**Work request**
Word for word, set down every line of the entries below from the line with "(roll, pitch, yaw))" to the line with "13) plant pot (104, 80, 269, 261)", including both, and no other line.

**Material to process**
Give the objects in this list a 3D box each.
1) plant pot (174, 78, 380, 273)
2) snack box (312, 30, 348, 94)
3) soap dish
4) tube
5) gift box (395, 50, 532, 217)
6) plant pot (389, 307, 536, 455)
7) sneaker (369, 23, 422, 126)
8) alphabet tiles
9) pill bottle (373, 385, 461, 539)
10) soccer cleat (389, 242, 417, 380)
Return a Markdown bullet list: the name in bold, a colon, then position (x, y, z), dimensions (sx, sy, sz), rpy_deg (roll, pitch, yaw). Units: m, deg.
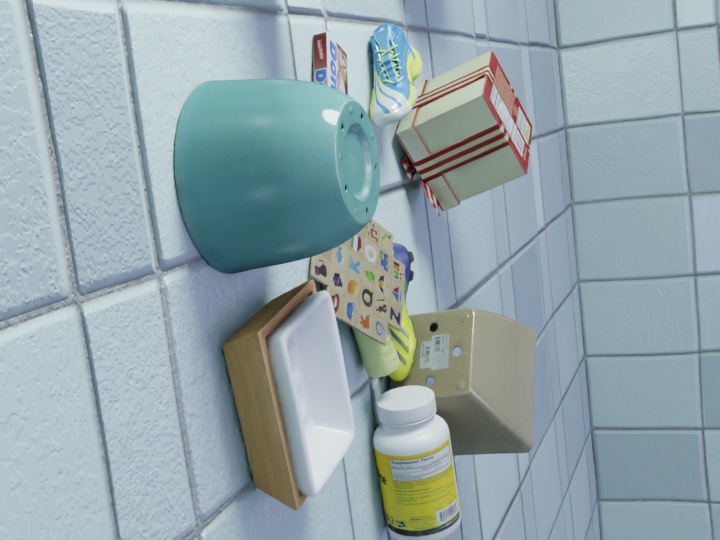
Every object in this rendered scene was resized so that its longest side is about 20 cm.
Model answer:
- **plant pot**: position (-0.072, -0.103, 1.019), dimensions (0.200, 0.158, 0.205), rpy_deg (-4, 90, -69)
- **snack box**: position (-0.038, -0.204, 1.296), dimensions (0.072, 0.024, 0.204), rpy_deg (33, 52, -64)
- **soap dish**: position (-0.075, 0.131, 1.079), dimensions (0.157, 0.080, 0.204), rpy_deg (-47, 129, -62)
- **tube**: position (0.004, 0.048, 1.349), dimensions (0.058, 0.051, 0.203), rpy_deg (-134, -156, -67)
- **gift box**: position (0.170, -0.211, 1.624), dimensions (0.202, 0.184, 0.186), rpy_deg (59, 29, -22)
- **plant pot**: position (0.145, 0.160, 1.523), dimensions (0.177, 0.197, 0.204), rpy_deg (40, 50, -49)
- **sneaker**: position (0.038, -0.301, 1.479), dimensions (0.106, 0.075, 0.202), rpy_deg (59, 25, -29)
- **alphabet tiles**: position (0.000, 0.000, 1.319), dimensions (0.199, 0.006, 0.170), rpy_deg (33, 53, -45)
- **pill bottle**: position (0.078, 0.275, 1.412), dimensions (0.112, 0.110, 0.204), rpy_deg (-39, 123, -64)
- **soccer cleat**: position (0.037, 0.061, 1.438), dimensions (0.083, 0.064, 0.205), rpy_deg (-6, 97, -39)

==

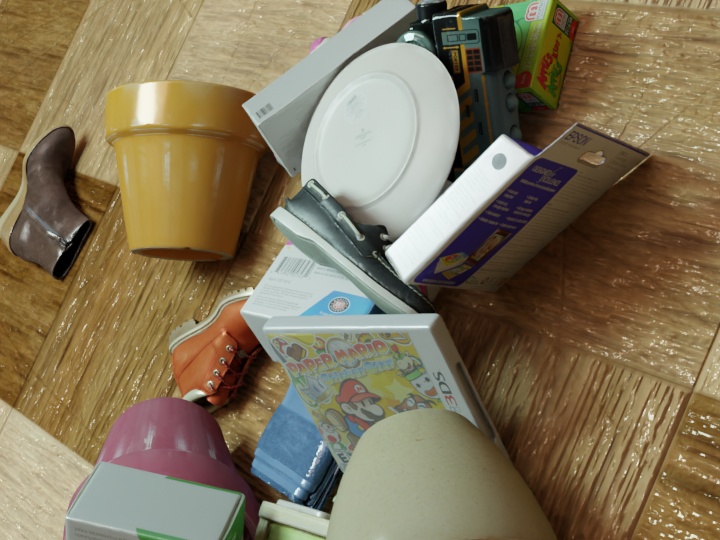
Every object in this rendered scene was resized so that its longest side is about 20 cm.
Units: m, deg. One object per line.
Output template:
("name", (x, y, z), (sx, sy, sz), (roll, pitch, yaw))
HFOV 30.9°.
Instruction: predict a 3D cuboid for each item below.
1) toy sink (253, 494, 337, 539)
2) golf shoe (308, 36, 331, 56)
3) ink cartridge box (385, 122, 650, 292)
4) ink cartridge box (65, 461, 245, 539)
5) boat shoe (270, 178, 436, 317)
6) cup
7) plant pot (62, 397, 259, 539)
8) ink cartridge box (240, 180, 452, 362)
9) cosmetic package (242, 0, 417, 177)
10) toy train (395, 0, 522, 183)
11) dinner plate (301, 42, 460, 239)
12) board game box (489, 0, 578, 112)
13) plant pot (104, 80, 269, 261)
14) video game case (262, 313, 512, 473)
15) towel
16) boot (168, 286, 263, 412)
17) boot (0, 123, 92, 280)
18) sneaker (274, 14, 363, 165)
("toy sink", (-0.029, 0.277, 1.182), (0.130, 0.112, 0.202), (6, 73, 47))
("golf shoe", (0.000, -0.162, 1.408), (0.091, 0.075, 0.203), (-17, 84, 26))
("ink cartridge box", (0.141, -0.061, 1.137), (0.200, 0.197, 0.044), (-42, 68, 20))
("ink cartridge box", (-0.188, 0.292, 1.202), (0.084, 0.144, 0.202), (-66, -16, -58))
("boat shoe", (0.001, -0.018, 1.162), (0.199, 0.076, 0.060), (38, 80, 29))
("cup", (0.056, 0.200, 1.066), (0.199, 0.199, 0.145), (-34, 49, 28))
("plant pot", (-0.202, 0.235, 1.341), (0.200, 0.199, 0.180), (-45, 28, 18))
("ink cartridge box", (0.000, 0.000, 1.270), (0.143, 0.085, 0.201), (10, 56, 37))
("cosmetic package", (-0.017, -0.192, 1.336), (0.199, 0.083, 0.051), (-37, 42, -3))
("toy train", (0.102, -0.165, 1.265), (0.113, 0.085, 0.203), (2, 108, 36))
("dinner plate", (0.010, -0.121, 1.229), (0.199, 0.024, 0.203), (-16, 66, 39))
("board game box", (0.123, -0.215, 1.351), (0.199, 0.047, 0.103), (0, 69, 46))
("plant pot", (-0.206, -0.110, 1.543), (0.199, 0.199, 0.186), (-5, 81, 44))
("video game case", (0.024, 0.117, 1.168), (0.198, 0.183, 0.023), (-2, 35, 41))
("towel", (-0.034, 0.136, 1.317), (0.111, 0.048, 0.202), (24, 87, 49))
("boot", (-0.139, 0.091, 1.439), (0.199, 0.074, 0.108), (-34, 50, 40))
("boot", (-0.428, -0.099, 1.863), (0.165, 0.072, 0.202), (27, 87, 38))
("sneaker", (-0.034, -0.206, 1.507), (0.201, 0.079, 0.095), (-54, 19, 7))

...

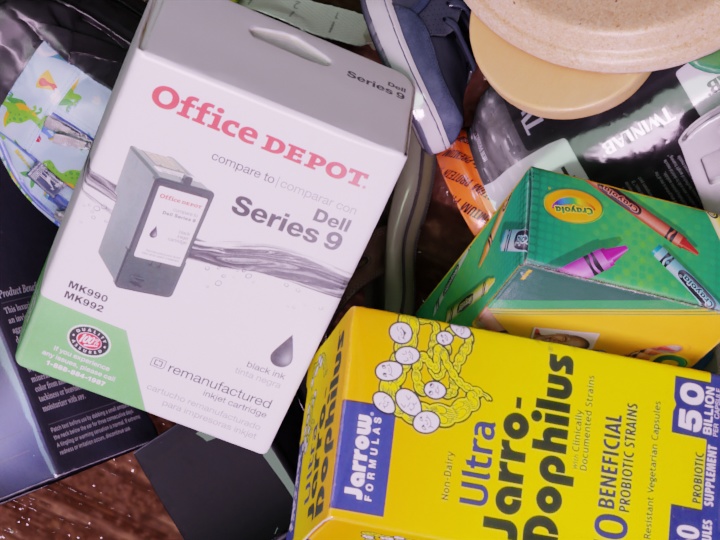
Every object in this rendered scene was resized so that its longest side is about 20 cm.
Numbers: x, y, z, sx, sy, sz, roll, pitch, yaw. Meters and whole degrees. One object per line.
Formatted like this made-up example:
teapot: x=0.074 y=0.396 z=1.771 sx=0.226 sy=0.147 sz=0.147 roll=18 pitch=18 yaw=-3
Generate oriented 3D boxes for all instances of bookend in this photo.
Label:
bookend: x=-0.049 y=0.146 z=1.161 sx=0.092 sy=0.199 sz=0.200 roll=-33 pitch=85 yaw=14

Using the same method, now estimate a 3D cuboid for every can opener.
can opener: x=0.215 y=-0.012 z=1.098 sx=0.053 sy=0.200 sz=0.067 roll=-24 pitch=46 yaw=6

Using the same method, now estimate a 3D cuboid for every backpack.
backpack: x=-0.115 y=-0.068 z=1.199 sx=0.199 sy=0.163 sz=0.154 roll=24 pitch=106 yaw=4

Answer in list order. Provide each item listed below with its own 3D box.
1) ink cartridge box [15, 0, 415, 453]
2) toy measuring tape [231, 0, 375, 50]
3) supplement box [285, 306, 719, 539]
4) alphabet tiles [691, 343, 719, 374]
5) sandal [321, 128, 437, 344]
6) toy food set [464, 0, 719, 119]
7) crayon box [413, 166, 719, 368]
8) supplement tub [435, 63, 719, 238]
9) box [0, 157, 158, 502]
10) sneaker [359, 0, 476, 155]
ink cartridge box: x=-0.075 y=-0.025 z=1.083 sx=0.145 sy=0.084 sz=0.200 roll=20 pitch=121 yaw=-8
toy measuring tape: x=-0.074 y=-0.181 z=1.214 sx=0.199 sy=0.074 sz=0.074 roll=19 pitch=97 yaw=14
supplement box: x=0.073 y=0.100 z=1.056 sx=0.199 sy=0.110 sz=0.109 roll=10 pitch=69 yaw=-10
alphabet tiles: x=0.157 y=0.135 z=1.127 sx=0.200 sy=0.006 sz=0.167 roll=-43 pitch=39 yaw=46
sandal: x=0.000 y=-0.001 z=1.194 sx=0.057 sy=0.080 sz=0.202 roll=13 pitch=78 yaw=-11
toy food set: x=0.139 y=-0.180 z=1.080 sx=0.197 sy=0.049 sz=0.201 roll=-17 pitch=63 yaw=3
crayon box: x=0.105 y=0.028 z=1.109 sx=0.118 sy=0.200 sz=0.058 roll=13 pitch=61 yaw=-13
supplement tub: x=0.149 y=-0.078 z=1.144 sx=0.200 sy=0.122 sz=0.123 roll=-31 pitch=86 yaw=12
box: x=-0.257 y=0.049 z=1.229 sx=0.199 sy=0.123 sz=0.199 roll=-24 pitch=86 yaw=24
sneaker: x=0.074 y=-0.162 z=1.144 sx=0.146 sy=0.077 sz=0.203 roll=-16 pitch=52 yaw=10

**Answer box**
("name", (x, y, z), (sx, sy, sz), (roll, pitch, yaw))
HFOV 30.9°.
Instruction: predict a 3D cuboid for each item below.
1) toy sink (253, 494, 337, 539)
2) golf shoe (308, 36, 331, 56)
3) ink cartridge box (385, 122, 650, 292)
4) ink cartridge box (65, 461, 245, 539)
5) boat shoe (270, 178, 436, 317)
6) cup
7) plant pot (62, 397, 259, 539)
8) ink cartridge box (240, 180, 452, 362)
9) cosmetic package (242, 0, 417, 177)
10) toy train (395, 0, 522, 183)
11) dinner plate (301, 42, 460, 239)
12) board game box (489, 0, 578, 112)
13) plant pot (104, 80, 269, 261)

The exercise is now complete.